## Available records
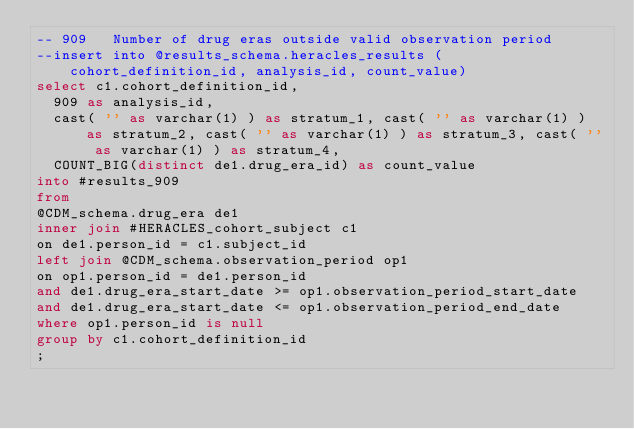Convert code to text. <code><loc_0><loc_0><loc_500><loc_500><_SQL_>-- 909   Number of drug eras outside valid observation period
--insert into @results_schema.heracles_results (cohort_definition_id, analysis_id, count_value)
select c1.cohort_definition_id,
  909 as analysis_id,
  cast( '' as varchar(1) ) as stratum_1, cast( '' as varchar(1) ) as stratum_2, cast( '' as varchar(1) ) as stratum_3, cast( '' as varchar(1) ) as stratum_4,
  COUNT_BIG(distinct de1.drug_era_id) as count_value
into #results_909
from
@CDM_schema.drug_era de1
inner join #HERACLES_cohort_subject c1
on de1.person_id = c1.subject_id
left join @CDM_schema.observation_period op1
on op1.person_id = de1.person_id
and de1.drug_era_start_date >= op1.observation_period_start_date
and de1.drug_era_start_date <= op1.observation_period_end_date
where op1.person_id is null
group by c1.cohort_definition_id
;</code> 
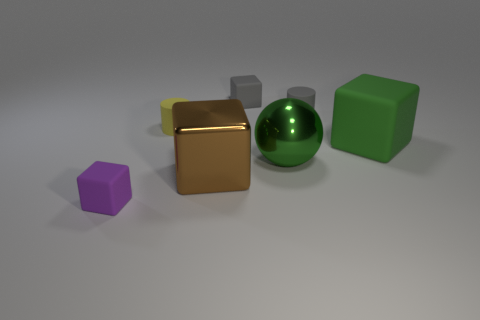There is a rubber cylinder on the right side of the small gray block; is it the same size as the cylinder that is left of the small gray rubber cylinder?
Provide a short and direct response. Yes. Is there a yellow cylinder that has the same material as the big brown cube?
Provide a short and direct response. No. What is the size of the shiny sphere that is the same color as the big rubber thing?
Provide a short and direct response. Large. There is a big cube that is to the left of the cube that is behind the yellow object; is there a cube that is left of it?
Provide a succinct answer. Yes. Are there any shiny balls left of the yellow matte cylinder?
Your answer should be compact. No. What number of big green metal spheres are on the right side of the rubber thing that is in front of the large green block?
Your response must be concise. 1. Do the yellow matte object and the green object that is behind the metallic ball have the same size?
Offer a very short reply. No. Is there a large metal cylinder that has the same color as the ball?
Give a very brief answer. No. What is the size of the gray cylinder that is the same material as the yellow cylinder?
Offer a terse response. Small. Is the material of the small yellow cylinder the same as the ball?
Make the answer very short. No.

* * *

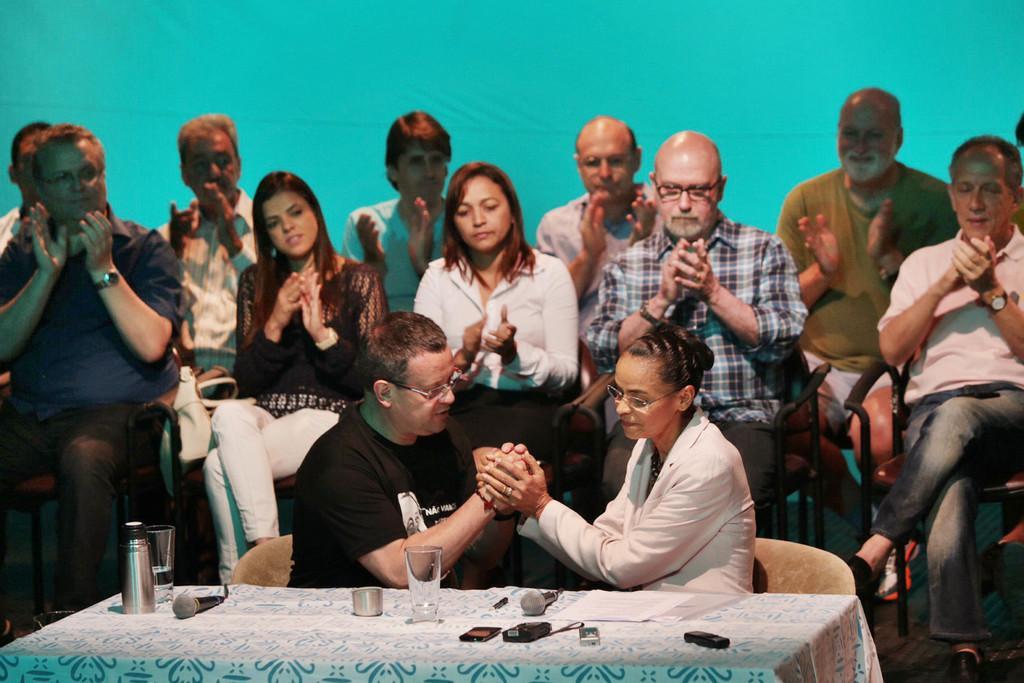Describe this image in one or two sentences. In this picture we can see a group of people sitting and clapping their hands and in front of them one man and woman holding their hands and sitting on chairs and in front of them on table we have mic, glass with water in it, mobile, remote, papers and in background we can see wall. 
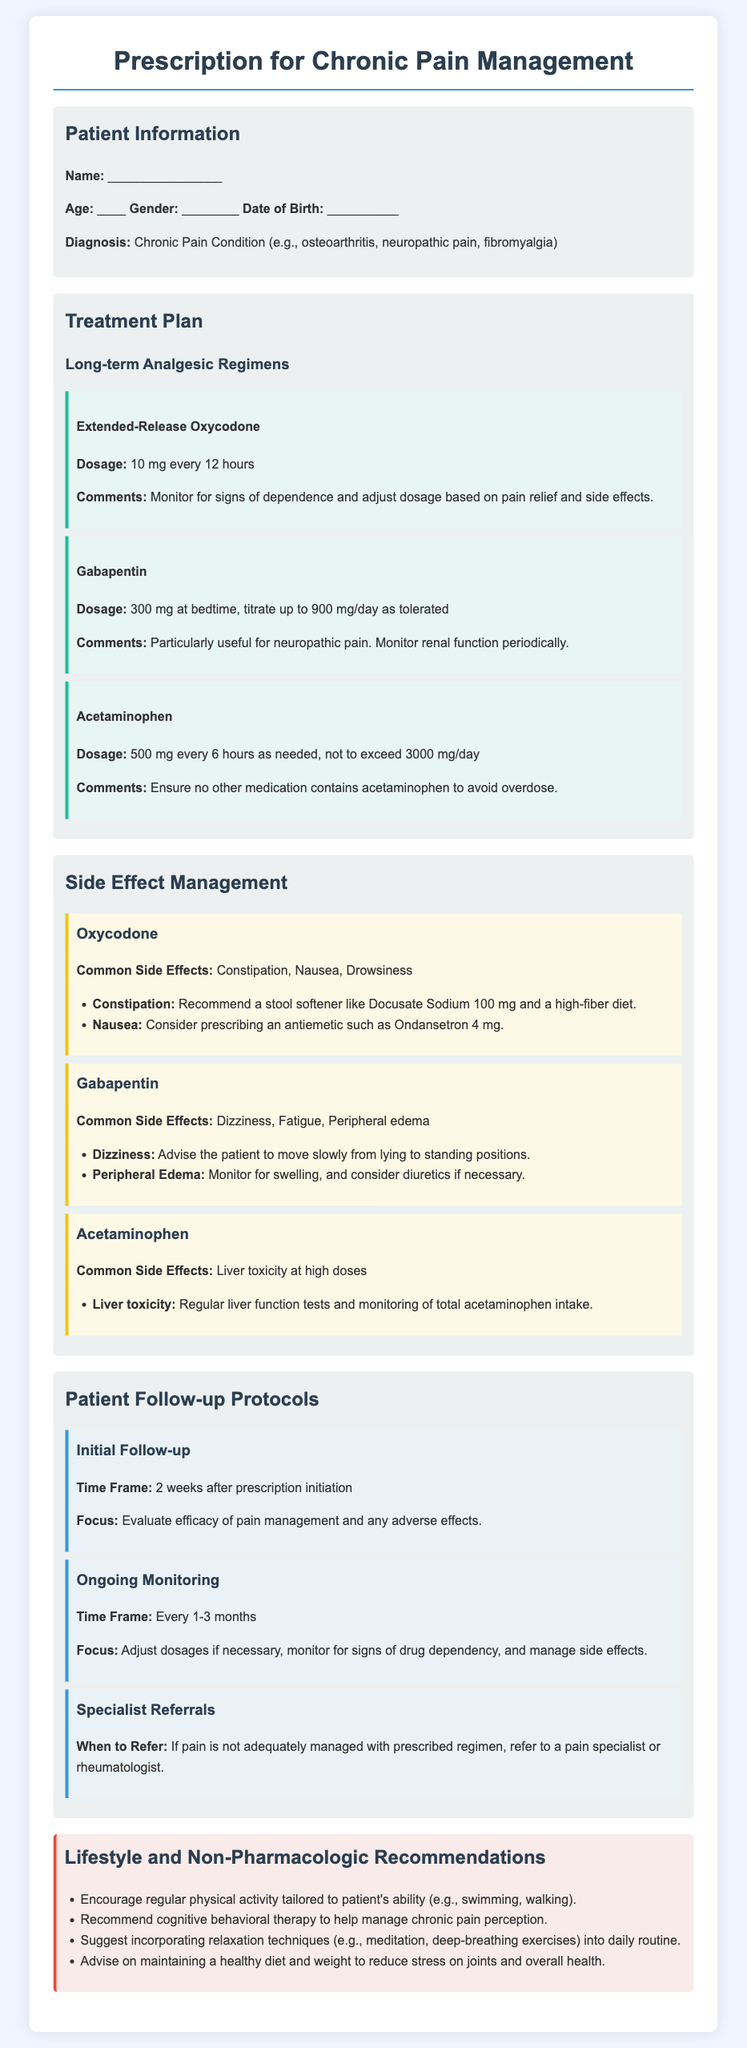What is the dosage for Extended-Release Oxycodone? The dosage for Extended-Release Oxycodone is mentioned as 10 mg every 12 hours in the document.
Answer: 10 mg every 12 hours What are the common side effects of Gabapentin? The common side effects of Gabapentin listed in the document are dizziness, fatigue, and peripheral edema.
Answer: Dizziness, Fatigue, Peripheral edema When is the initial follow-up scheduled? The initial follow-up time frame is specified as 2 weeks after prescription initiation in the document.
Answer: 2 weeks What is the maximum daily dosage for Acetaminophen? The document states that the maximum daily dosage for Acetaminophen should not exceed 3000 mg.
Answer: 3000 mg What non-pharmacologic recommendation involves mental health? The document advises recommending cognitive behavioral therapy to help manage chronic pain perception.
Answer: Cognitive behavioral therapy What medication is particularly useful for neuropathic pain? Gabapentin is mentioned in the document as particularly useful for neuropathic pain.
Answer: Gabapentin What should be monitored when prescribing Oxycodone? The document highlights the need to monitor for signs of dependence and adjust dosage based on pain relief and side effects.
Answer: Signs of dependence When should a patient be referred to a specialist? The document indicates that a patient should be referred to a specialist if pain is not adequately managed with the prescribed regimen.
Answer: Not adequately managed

## Task prompt
If a line above holds the word "matte", copy it.

## Solution for this problem
Provide a succinct answer. Yes. Are there any shiny balls left of the yellow matte cylinder?
Your response must be concise. 1. Do the yellow matte object and the green object that is behind the metallic ball have the same size?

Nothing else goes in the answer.